Giacinta no longer resisted, nodding grimly. He led her back to the ice and she mouthed the words that were swimming all around her. Words that had once been invoked to seal this room in ice, long before this palace or the kingdom existed. And as she said them, she could see everything as it once was, the way she once was, when she was there. Yes, she had been there, as one of them, speaking the words and sealing the prophecies for ages to come. Her words.
Slowly, the ice began to thaw: at first a slow trickle, then a steady stream of water cascading onto the floor. The ice groaned, the cracks multiplied; the room itself seemed to shift beneath their feet. Turold watched, breathlessly, as the color shifted and strange shapes emerged from the shadows. Then he saw it, the figure from his vision: the outline of a cup, as large as his head, like a face peering out from the depths.
Giacinta became lost in the words, surrendering herself to their power, their promise of another life. A life without Turold. It was not only possible, it was inevitable. Sir Otrygg warned her she couldn’t remain on this earth; all the portals were tied to her. The longer she remained, the greater the chance of its return. He wanted to kill her himself, but in the end he couldn’t do it, not with the memory of his sister standing between them. But Turold had no sister or love standing between them. Only his pity, a sense of obligation would stay his hand. But for how long? Better to end it now than to live long enough to watch him kill her. And to realize he never could.
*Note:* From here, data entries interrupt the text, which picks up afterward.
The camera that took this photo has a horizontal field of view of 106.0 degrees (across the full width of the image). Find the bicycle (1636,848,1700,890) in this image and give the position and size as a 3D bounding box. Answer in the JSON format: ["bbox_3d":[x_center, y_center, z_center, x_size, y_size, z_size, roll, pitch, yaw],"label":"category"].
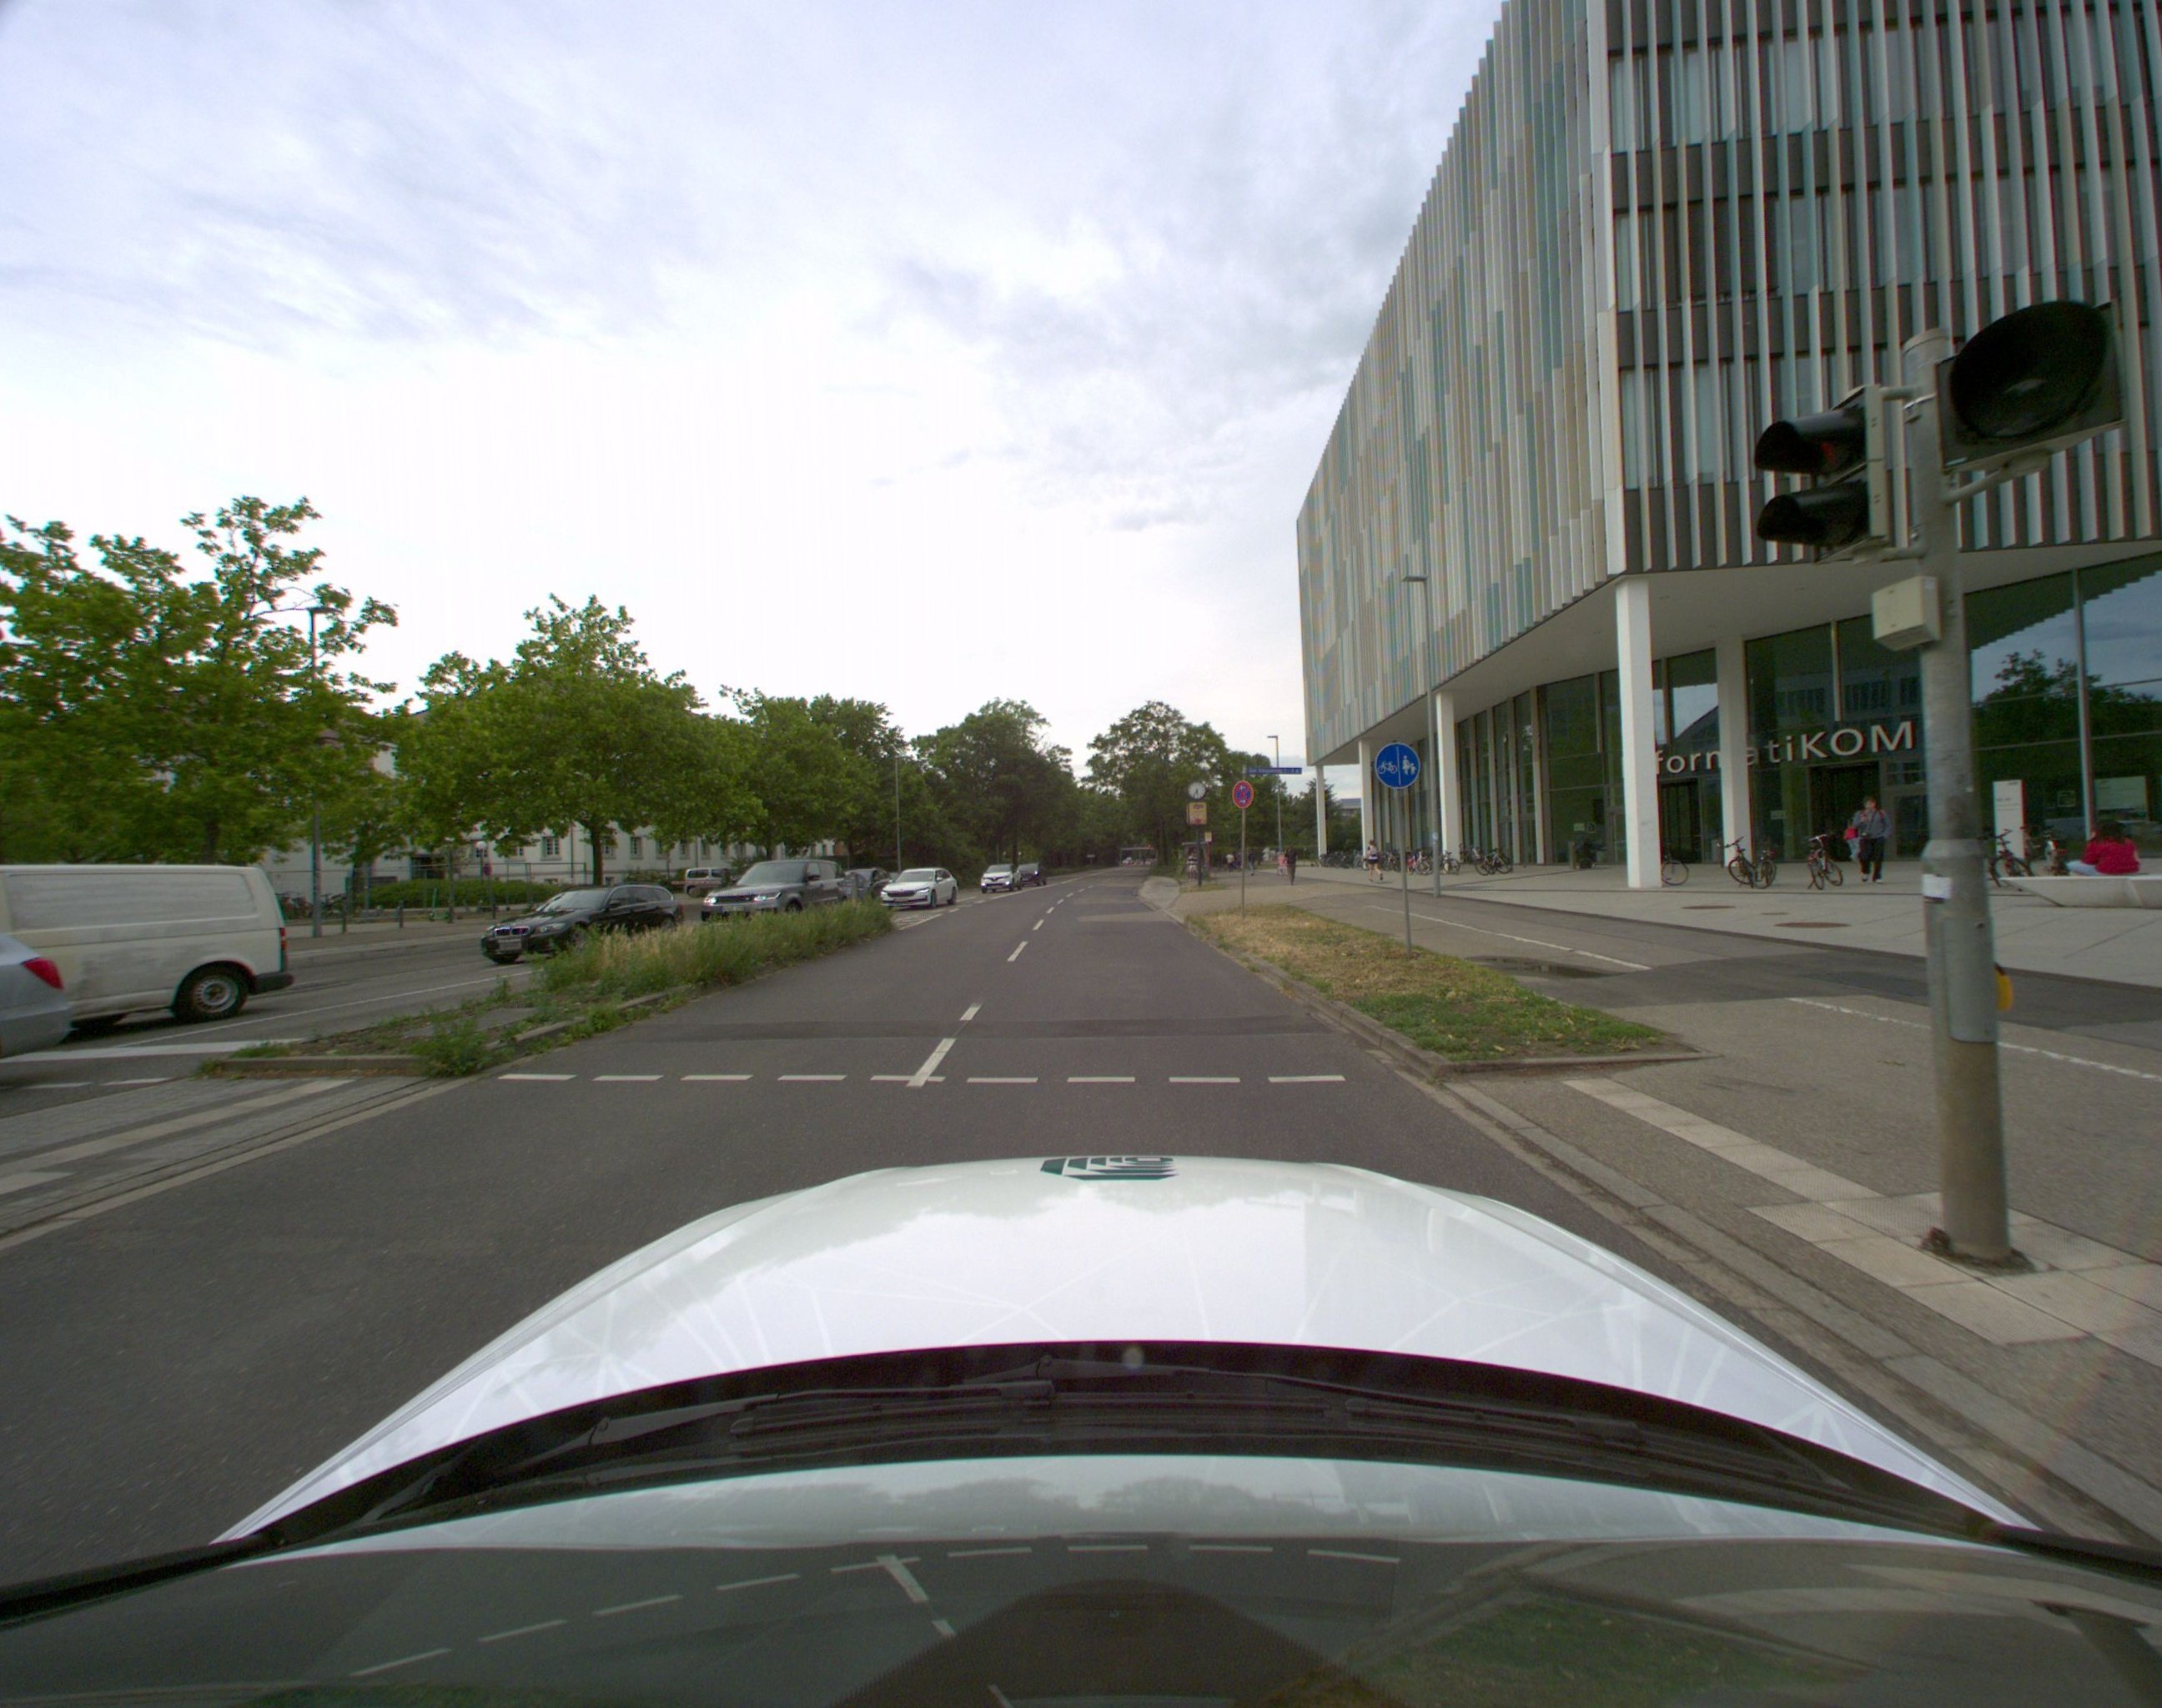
[{"bbox_3d":[15.606,0.394,21.711,0.634,1.061,1.846,-1,-1,10],"label":"bicycle"}]

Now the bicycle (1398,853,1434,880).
[{"bbox_3d":[15.155,0.581,36.898,0.633,1.140,2.201,-5,-1,1],"label":"bicycle"}]

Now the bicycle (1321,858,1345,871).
[{"bbox_3d":[18.643,0.773,60.254,1.598,0.875,0.557,-4,-1,6],"label":"bicycle"}]

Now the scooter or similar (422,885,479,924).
[{"bbox_3d":[-21.623,1.717,27.943,1.567,1.244,0.567,-2,-1,5],"label":"scooter or similar"}]

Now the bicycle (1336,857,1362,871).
[{"bbox_3d":[18.615,0.728,56.578,1.598,0.875,0.557,-4,-1,6],"label":"bicycle"}]

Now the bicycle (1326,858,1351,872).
[{"bbox_3d":[18.727,0.789,59.297,1.598,0.875,0.557,-3,-1,6],"label":"bicycle"}]

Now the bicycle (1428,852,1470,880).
[{"bbox_3d":[15.363,0.503,34.060,0.607,1.080,1.959,-4,-1,-6],"label":"bicycle"}]

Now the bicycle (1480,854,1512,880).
[{"bbox_3d":[16.388,0.507,32.138,1.494,0.929,0.436,-3,1,-34],"label":"bicycle"}]

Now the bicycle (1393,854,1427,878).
[{"bbox_3d":[16.310,0.589,40.404,1.393,1.043,0.560,-5,-1,6],"label":"bicycle"}]

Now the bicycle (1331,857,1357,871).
[{"bbox_3d":[17.924,0.673,55.550,1.598,0.875,0.557,-3,-1,6],"label":"bicycle"}]

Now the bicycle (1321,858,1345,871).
[{"bbox_3d":[18.853,0.768,60.898,1.598,0.875,0.557,-3,-1,6],"label":"bicycle"}]

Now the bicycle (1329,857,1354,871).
[{"bbox_3d":[17.230,0.668,53.788,1.447,0.839,0.557,-3,-1,6],"label":"bicycle"}]

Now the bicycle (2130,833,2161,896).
[{"bbox_3d":[18.571,0.147,13.602,2.195,1.006,0.775,-2,-1,-25],"label":"bicycle"}]

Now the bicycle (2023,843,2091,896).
[{"bbox_3d":[18.248,0.282,15.263,1.856,0.899,0.664,-2,-1,-43],"label":"bicycle"}]

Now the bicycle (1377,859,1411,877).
[{"bbox_3d":[17.038,0.758,44.306,1.598,0.875,0.557,-3,-1,6],"label":"bicycle"}]

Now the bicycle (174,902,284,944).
[{"bbox_3d":[-26.916,2.166,25.761,2.736,1.174,0.722,-3,-1,1],"label":"bicycle"}]

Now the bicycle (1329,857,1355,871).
[{"bbox_3d":[17.990,0.676,56.132,1.598,0.875,0.557,-3,-1,6],"label":"bicycle"}]

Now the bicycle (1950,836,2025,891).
[{"bbox_3d":[17.810,0.173,15.994,1.969,1.002,0.766,-2,-1,-37],"label":"bicycle"}]

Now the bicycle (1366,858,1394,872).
[{"bbox_3d":[18.035,0.663,49.142,1.427,0.746,0.557,-3,-1,6],"label":"bicycle"}]

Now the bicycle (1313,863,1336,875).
[{"bbox_3d":[18.470,1.153,61.806,1.598,0.875,0.557,-2,-1,6],"label":"bicycle"}]

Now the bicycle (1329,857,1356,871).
[{"bbox_3d":[17.497,0.672,54.563,1.598,0.875,0.557,-3,-1,6],"label":"bicycle"}]

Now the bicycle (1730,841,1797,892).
[{"bbox_3d":[16.341,0.286,19.487,2.193,1.115,0.728,-2,-1,-38],"label":"bicycle"}]

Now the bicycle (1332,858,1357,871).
[{"bbox_3d":[18.785,0.762,58.096,1.598,0.875,0.557,-3,-1,6],"label":"bicycle"}]

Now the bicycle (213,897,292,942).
[{"bbox_3d":[-32.638,2.572,32.094,2.390,1.594,0.722,-3,-1,1],"label":"bicycle"}]

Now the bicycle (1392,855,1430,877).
[{"bbox_3d":[16.595,0.594,40.950,1.598,0.982,0.557,-5,-1,6],"label":"bicycle"}]

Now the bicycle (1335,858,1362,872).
[{"bbox_3d":[17.268,0.714,52.544,1.525,0.834,0.557,-3,-1,6],"label":"bicycle"}]

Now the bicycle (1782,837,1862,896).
[{"bbox_3d":[16.464,0.264,18.067,2.732,1.188,0.766,-2,-1,-37],"label":"bicycle"}]

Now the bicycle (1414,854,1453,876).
[{"bbox_3d":[17.034,0.520,39.419,1.594,0.936,0.571,-5,-1,16],"label":"bicycle"}]

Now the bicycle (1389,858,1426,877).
[{"bbox_3d":[16.655,0.671,41.545,1.598,0.875,0.557,-3,-1,6],"label":"bicycle"}]

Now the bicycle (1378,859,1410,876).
[{"bbox_3d":[17.722,0.772,46.103,1.598,0.896,0.367,-3,-1,6],"label":"bicycle"}]

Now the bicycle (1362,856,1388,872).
[{"bbox_3d":[17.096,0.578,47.434,1.276,0.875,0.557,-3,-1,6],"label":"bicycle"}]

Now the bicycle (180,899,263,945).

The ice retreated steadily now, like villagers from advancing flames. The water swept between their feet, eddying around chunks that had shattered against the floor. And there it was: hanging loose, close enough to touch. As he stared at the cup, he could make out a figure in faded paint: small, yet vast, arms aloft, reaching for the stars. The ice dripped onto the floor, each drop echoing like a hammer blow in the distance. It was just like the vision: somewhere, far beyond, a voice intoned,
drink,
Drink,
DRINK!
He reached out for the cup, feeling its power push aside all doubt and discernment. Whatever happened, he would drain the cup and know its secret. Soon Lord Gramsteed and Sonya Vasilyevna and all their Messengers would fear his power. They would never call him ‘short’ again.
Giacinta grabbed his hand and thrust him aside. Before he could react, she sized the cup and looked inside, seeing exactly what she thought, the memory trickling in her eyes.
“I’m sorry, Turold, but this isn’t for you. You aren’t the one to free the grain from wonder-lock. We placed it here so I could return for it; they were waiting for me.”
He tried to stop her, but felt himself held fast, his limbs cold and useless. Instead he watched her doff the entire cup and hold it in wonder against her lips.
“I remember everything now, Turold,” she said, in a distant voice. “It’s all coming back to me. We were wrong…we were both wrong.”